May 20, 2022

Can I take probiotics with antibiotics?

Do opposites attract or cancel each other out? We asked the experts for the end result.

In short: Yes, you can take a probiotic while you’re taking an antibiotic, it’s perfectly safe. In fact, experts generally agree that probiotics can help prevent the gut reaction that comes from taking antibiotics (such as diarrhea), but the data is limited. On the other hand, to reap the maximum gut flora-restoring benefits that probiotics offer, it may be best to wait until your antibiotic treatment is finished before you start taking them, says Eric Goldberg, MD, internist and physician. director of NYU Langone Internal Medicine Associates in New York.

To understand how probiotics and antibiotics work together, let’s first talk about the gut microbiome. The microbiome is where billions of bacteria, fungi and viruses live. We all have a balance of good and bad bacteria in our gut microbiome. When levels of harmful bacteria get too high, you get sick, in the form of stomach ‘bugs’, fungal infections and a knock on your immune system, making you more susceptible to infection. future.

How do antibiotics work?

You probably know that antibiotics are drugs that kill harmful bacteria that cause infections such as strep throat or a urinary tract infection. Broad-spectrum antibiotics, such as amoxicillin or tetracycline, target several strains of bacteria at once. Newer narrow-spectrum antibiotics (such as erythromycin and clindamycin) target a more limited range of organisms. The downside to both is that they can also kill good bacteria, but broad-spectrum antibiotics carry the greatest risk. When the good bacteria are eliminated, you may have an upset stomach with loose stools, a phenomenon known as antibiotic-associated diarrhea (AAD). Also, women who are prone to yeast infections can get one after a course of antibiotics, as fungi can grow in the genital area without enough good gut flora.

What are probiotics?

Probiotics, on the other hand, seek to pre-load your gut with live microorganisms that are known to fight inflammation, improve immune response and destroy disease-causing cells, according to the National Center for Complementary and Integrative Health. It’s basically the “good bacteria” in your gut that can be affected when you take antibiotics.

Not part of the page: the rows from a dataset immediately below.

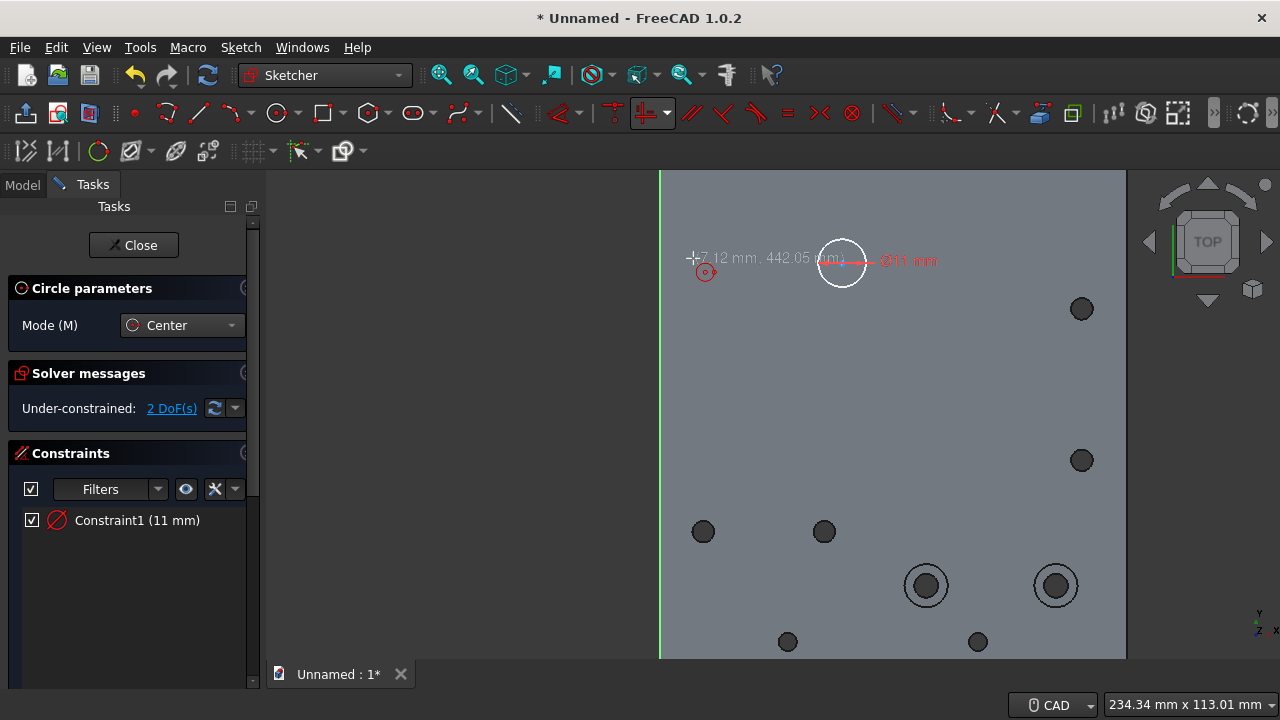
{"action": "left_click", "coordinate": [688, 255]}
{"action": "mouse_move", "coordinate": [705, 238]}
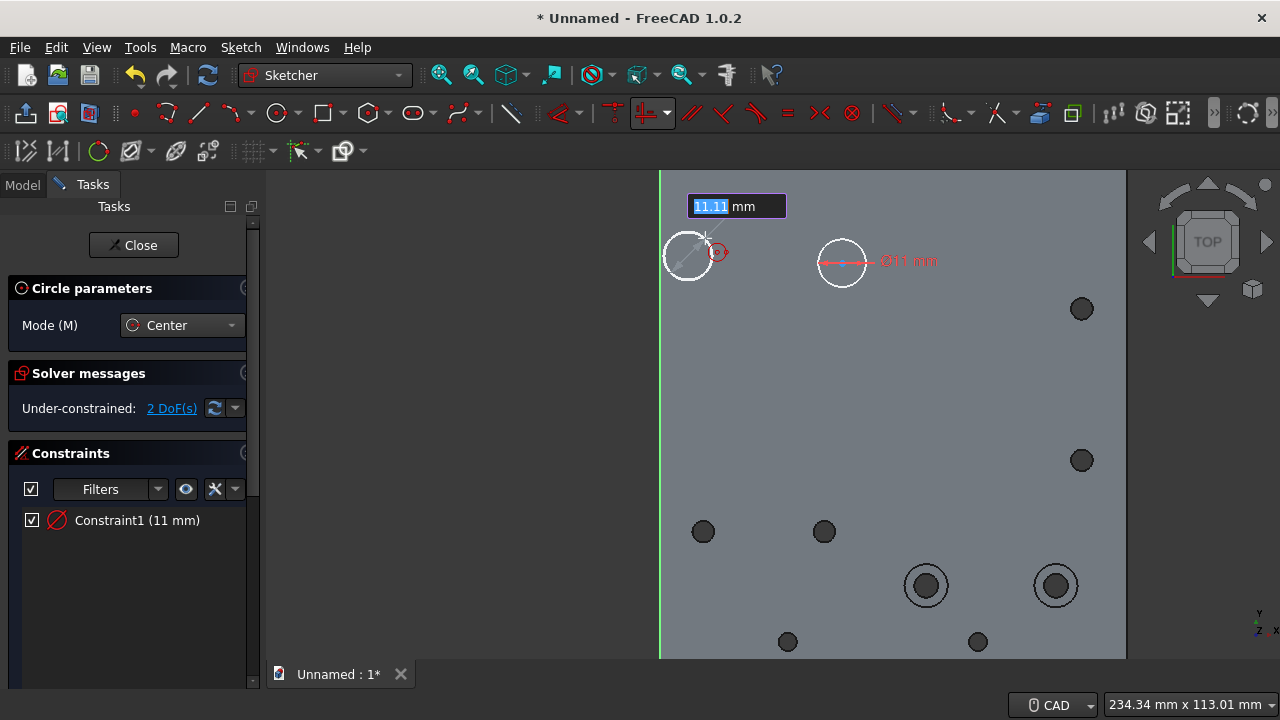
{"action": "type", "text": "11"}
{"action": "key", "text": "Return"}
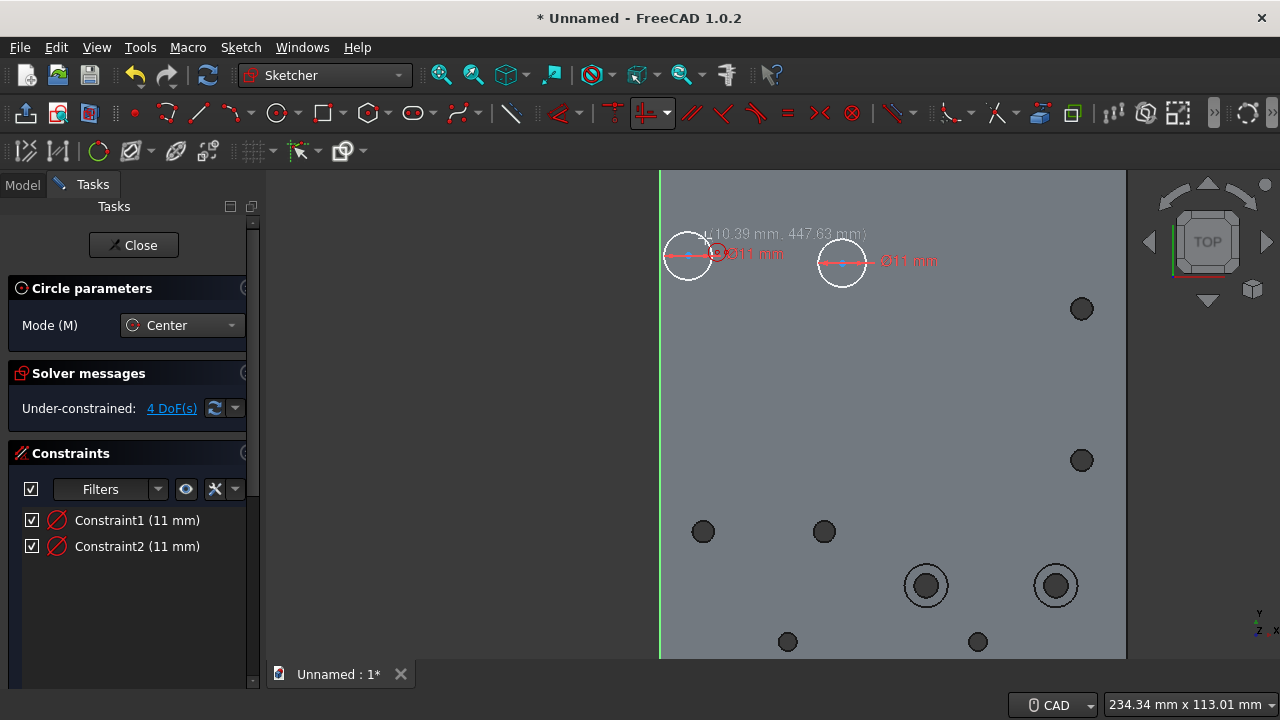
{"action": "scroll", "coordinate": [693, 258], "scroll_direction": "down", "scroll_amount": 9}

So, while considered safe, taking probiotics and antibiotics at the same time can be counterproductive, says Dr. Goldberg. “The antibiotic probably kills whatever the probiotic adds,” he says. However, taking probiotics near the end of your course of antibiotics (which usually lasts about a week) ensures that the antibiotic has had time to do its job properly. As the antibiotics in your system diminish, you can begin to repopulate the beneficial insects.

However, not everyone agrees with this theory: Alia Aaeedy, director of pharmacy at Texas Surgical Hospital in Plano, Texas, says some research suggests that antibiotics and probiotics can be taken in the same window of days as long as you separate your doses by two to three hours to avoid the cancellation factor.

How to take probiotics

How long after stopping an antibiotic should you continue to take your probiotic? Experts say one to four weeks, but the research is unclear. A study published in the journal Cell found that participants who took a probiotic for four weeks after an antibiotic were able to restore their gut microbiome to normal after six months; the placebo group, however, colonized new healthy gut bacteria in just three weeks. (Researchers say it’s possible the particular blend of probiotics in the study was not effective on that particular antibiotic and more research is needed to confirm the results.)

The result here? The benefits of taking a probiotic with or after an antibiotic aren’t 100% confirmed, but there are few downsides to trying it. Stick to the most studied strains such as Lactobacillus, Bifidobacteriumand Saccharomyces. Look for supplements with the USP seal, a dietary supplement certification that guarantees the bottle contains what it says. The FDA does not regulate probiotics, so some legwork is essential. You can also eat your probiotics in foods and drinks containing active and fermented cultures such as yogurt, sauerkraut, miso and kefir.

Krista Bennett De Maio

Meet our writer

Krista Bennett De Maio

Krista Bennett DeMaio has over a decade of editorial experience. The former magazine editor-turned-freelance writer regularly covers skincare, health, beauty and lifestyle topics. His work has been published in national publications and websites, including Oprah, women’s health, red book, Shape, Dr Oz The Good Life, bhg.com and prevention.com. She lives in Huntington, New York with her husband and three daughters.